Something’s not right here. This person doesn’t like me, and I don’t know why. I’ve never been very good at dealing with people who don’t like me.

“I did a little asking around. So, you’re writing a book about him and didn’t think we’d find out, huh?”

And there it is. I imagine it’s something akin to the feeling of being on an elevator and having it suddenly drop or going down the first hill on a roller coaster. My stomach sinks until I’m pretty sure it’s left my body.

I have to be careful to keep my voice low as I lean closer to him. “No, I’m not writing a book about him. Where did you get that idea from?”

“From my contacts at the firm. I know what you do for a living.”

“So does Dustin.”

“I know. We’re both aware of what you’re doing.”

“Hold on a second.” Was I not just riding high, like, less than a minute ago?

How did everything turn around so quickly?

“I think some wires might’ve gotten crossed here.

I’m not writing a book about Dustin. Not at all.

Anything I write is completely fictional.

Now, am I writing a character with the same career as Dustin?

Yes, I am. But not once is his name mentioned, not the group, not even the city we’re in right now. None of that.”

All of a sudden, he smiles, and it’s like I might as well be sitting across from a different person. “I don’t think you understand. I’m not saying that’s a bad thing. In fact, it would be great for his brand if a romance novel involving him came out in the next month or so.”

He might as well have started speaking in a different language.

“I don’t think you understand, with all due respect.

Like I just said, the book doesn’t directly involve him.

I like Dustin a lot, I love spending time with him, and the characters in my book will go through slightly similar situations to what I’ve observed while I’ve been with him.

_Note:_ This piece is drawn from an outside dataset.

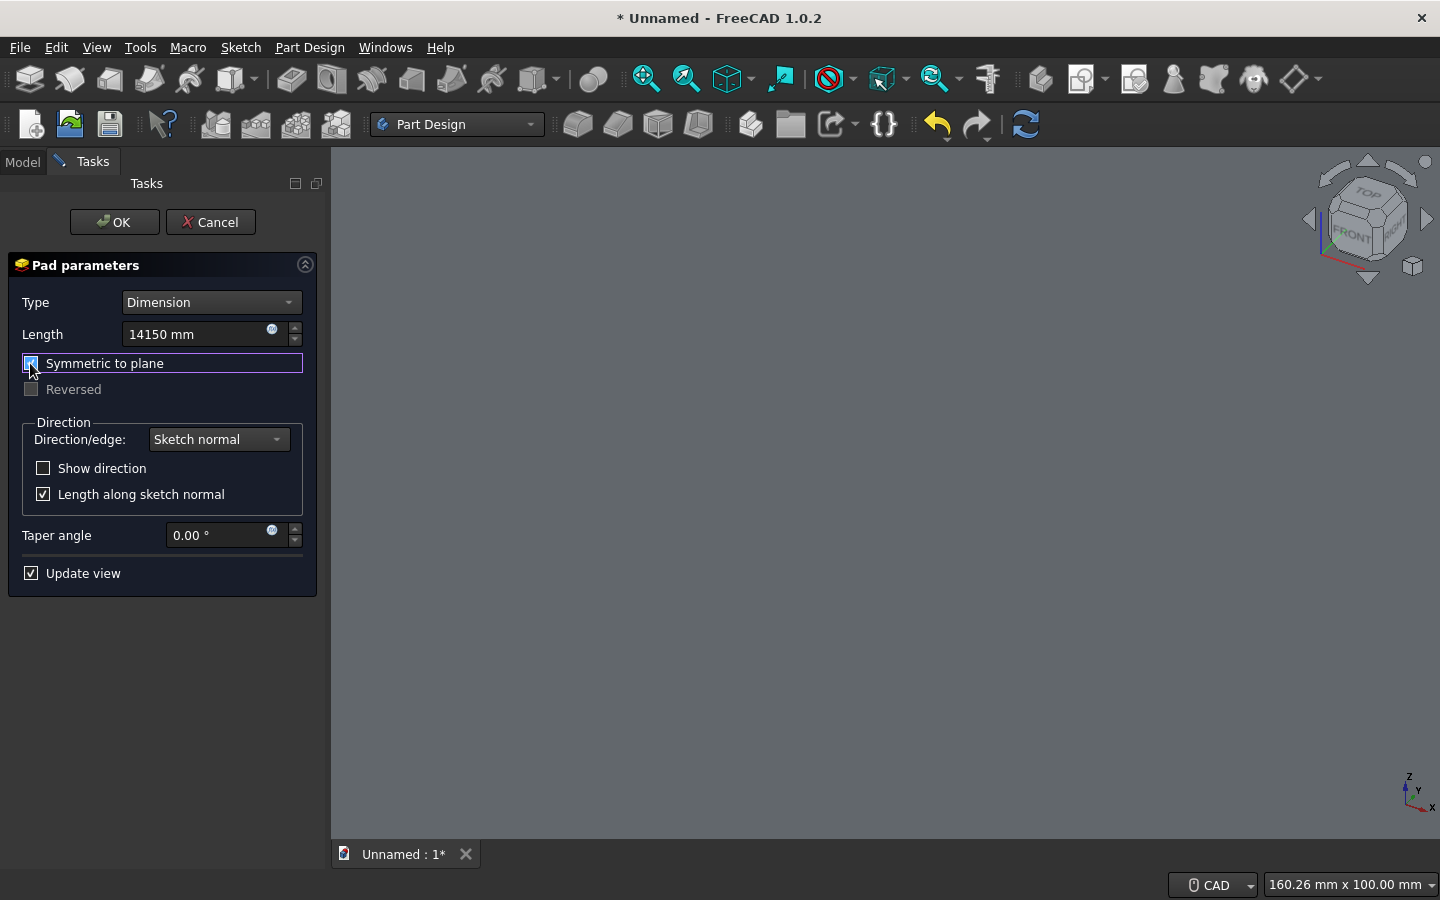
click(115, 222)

You know, what it’s like for him to be swarmed by fans, who expect somebody from the past, not who he is right now. That sort of thing.”

“So, you’ll never mention his name?”

“No! Not at all. I’ve done everything I can to separate the two of them. My character and him, I mean.”

“Okay. So, what? His name will be used for promotion? Based on the relationship between you and him, I mean.”

What is this guy not getting?

“No. And honestly, I would think a lawyer would have told you that. I’m not allowed to use him that way.”

“Let me understand.” He props his elbows on the table, folding his hands under his chin.

I don’t like this guy. I really don’t like him.

“You were using your experiences with my client to write a book that you hope is going to sell all these copies or whatever. But he doesn’t get anything out of it. Not even a name drop on a promotional tour?”

“For one thing, I don’t do promotional tours.” I shrug. “For another thing, you’re making it sound like I’m some sort of mercenary or something when nothing could be further from the truth. I really like Dustin. I’m not trying to use him to sell more copies, if that’s what you’re worried about.”

“What I’m worried about is him not getting anything out of this. Why don’t you understand? Or are you deliberately playing dumb?”

“Are you serious? I thought he and I were seeing each other. I didn’t think he wanted to get anything out of it but spending time with me, getting to know me.”

He blinks hard, like he doesn’t understand. “Do you really think he’s hanging around you because you’re such a sweet person? You don’t think there are hundreds of other women he could be with right now? The way you’ve been stringing him along …”

This is an honest-to-goodness nightmare. The room seems to tilt out of control until I find myself gripping the table in an attempt to keep from sliding around.

He’s never liked me? He only used me to further his comeback?

“Excuse me, but I’ve had enough of this.

” I shoot up out of my chair before he can see me cry, and the legs scrape across the floor loudly enough to attract the attention of a few people around us.

“If he asks where I went, you tell him I want to talk to him. But away from you. I never want to see you again.”

“Don’t worry about it.” Todd snickers as I turn away. “You won’t.”